Tuesday, January 10, 2012
Neely: Marchand penalty was too harsh
Boston Bruins president Cam Neely on Tuesday defended forward Brad Marchand, saying the five-game suspension he was given for his low hit on the Canucks’ Sami Salo on Saturday was too harsh because, from his perspective, there was no malice behind it.
Marchand was assessed a five-minute major and given a game misconduct for clipping Salo at 18:47 of the second period Saturday, ducking just as the two collided on the ice so instead of a shoulder-to-shoulder hit, Marchand hit Salo’s legs and flipped him over.
“I personally believe with Brad that it was more of an instinctual move. …,” Neely said in his weekly interview on Boston sports radio station 98.5 The Sports Hub. “From my perspective I don’t think Brad’s the type of player that’s going to go out there and intentionally try to hurt somebody.”
Neely wasn’t surprised Marchand was suspended for the hit (Neely called it more of a “duck” than a “hit”), but he thought the second-year player would get a couple of games, not five.

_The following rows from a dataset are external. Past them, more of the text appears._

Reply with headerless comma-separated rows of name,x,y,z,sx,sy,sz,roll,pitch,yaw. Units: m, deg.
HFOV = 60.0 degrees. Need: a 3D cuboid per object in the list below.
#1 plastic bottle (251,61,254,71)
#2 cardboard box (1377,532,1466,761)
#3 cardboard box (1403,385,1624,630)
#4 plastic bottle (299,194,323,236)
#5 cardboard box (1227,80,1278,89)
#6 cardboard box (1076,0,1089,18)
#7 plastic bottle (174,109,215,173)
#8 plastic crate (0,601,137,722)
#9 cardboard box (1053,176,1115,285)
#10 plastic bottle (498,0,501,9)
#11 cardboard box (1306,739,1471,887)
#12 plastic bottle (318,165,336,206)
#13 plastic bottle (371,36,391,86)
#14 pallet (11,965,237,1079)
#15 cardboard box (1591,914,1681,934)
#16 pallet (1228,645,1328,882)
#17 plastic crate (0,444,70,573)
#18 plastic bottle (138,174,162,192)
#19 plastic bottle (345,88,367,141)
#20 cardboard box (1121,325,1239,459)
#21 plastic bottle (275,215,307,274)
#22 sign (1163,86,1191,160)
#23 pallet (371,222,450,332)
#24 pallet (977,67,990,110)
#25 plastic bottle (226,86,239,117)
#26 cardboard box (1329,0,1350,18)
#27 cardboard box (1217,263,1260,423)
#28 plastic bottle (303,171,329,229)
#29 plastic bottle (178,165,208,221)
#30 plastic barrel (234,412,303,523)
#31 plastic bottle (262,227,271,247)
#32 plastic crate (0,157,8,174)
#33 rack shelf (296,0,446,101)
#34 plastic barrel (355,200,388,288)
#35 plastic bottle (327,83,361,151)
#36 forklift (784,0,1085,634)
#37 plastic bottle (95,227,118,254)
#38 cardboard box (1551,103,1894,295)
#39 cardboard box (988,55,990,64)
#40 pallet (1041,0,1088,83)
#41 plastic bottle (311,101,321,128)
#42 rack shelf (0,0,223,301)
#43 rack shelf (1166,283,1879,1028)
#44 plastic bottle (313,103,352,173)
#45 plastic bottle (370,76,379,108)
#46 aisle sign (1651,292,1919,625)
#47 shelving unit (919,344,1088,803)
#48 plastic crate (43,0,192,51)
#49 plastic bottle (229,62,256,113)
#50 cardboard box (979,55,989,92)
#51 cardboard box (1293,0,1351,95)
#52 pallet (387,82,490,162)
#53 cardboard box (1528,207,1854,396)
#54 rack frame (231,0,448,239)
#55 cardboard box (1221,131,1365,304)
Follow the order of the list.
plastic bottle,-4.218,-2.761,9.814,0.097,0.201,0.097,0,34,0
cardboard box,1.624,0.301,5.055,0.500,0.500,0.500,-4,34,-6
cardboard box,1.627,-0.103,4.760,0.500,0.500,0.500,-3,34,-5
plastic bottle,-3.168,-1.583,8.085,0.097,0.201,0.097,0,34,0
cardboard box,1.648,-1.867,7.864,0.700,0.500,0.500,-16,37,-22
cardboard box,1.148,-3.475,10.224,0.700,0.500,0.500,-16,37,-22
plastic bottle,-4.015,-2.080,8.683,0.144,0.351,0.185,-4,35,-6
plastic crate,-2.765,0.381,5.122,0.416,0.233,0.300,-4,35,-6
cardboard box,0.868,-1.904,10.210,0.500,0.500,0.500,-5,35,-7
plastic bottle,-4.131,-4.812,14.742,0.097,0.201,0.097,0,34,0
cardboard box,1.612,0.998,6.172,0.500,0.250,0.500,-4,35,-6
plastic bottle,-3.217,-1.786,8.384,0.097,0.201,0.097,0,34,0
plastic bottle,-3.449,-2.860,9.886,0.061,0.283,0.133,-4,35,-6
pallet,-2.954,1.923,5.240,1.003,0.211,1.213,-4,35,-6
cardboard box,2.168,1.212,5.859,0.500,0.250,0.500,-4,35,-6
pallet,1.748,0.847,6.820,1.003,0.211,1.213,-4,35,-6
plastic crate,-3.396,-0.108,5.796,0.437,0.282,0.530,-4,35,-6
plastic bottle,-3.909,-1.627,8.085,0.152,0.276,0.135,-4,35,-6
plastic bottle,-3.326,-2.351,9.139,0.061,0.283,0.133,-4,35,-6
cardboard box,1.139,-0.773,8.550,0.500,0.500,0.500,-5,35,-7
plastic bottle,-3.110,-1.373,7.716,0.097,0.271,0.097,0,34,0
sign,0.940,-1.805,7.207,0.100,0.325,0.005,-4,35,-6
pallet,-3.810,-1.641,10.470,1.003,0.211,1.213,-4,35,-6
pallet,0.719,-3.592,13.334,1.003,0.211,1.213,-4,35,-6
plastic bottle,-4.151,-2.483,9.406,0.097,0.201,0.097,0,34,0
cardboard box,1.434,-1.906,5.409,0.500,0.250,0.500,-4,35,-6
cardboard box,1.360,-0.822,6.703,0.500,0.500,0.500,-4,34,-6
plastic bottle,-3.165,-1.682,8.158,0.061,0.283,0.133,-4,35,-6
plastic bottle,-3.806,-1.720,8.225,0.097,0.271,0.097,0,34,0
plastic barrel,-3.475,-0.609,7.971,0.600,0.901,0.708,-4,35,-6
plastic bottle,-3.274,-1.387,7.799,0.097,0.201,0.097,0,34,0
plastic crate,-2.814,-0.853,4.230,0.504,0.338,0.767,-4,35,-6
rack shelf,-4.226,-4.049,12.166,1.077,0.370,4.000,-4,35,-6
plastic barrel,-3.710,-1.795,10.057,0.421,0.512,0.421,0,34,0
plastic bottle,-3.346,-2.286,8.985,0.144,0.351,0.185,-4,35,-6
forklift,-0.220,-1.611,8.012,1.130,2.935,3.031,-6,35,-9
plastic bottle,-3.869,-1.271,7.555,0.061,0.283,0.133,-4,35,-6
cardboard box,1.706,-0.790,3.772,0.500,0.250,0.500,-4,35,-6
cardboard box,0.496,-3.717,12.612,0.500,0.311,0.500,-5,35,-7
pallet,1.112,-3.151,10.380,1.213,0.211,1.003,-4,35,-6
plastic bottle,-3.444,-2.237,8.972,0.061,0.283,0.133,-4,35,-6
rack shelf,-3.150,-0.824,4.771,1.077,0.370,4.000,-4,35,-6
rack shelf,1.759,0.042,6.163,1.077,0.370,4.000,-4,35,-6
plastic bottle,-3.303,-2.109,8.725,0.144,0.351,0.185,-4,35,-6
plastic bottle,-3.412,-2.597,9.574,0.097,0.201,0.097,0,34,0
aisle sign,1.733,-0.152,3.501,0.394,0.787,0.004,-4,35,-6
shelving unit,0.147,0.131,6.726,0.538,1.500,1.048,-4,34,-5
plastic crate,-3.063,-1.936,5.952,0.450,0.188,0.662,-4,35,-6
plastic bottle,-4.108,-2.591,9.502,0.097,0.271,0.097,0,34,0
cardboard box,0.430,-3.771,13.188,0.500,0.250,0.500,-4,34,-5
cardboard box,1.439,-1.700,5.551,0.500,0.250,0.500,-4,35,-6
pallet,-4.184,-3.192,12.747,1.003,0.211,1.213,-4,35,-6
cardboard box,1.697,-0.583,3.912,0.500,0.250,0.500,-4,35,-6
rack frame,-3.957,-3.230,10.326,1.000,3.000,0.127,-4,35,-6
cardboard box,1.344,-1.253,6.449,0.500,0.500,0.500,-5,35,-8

Despite the suspension, Neely said he was not going to ask Marchand to change his game, just make smarter decisions at times.
“There certainly is an element to his game that makes him a successful player in this league. We have to be careful with trying to put the reins on him too much,” Neely said. “There are certainly areas where he’s crosses the line. The league has addressed that on a couple of occasions this year. They’ve addressed it again. Brad’s just got to make better decisions out there.”
Neely also took a shot at Canucks coach Alain Vigneault, who said Marchand “plays to hurt players” and that “someday he’s going to get it.”
“It’s irresponsible, to be honest with you,” Neely said of Vigneault’s comments. “I think the league has had enough issues in recent history where coaches shouldn’t be making comments like that, especially about other players and in that fashion. If the league hasn’t already had a conversation with him, I would expect something like that to draw the attention of the league and to have a conversation with their coach.”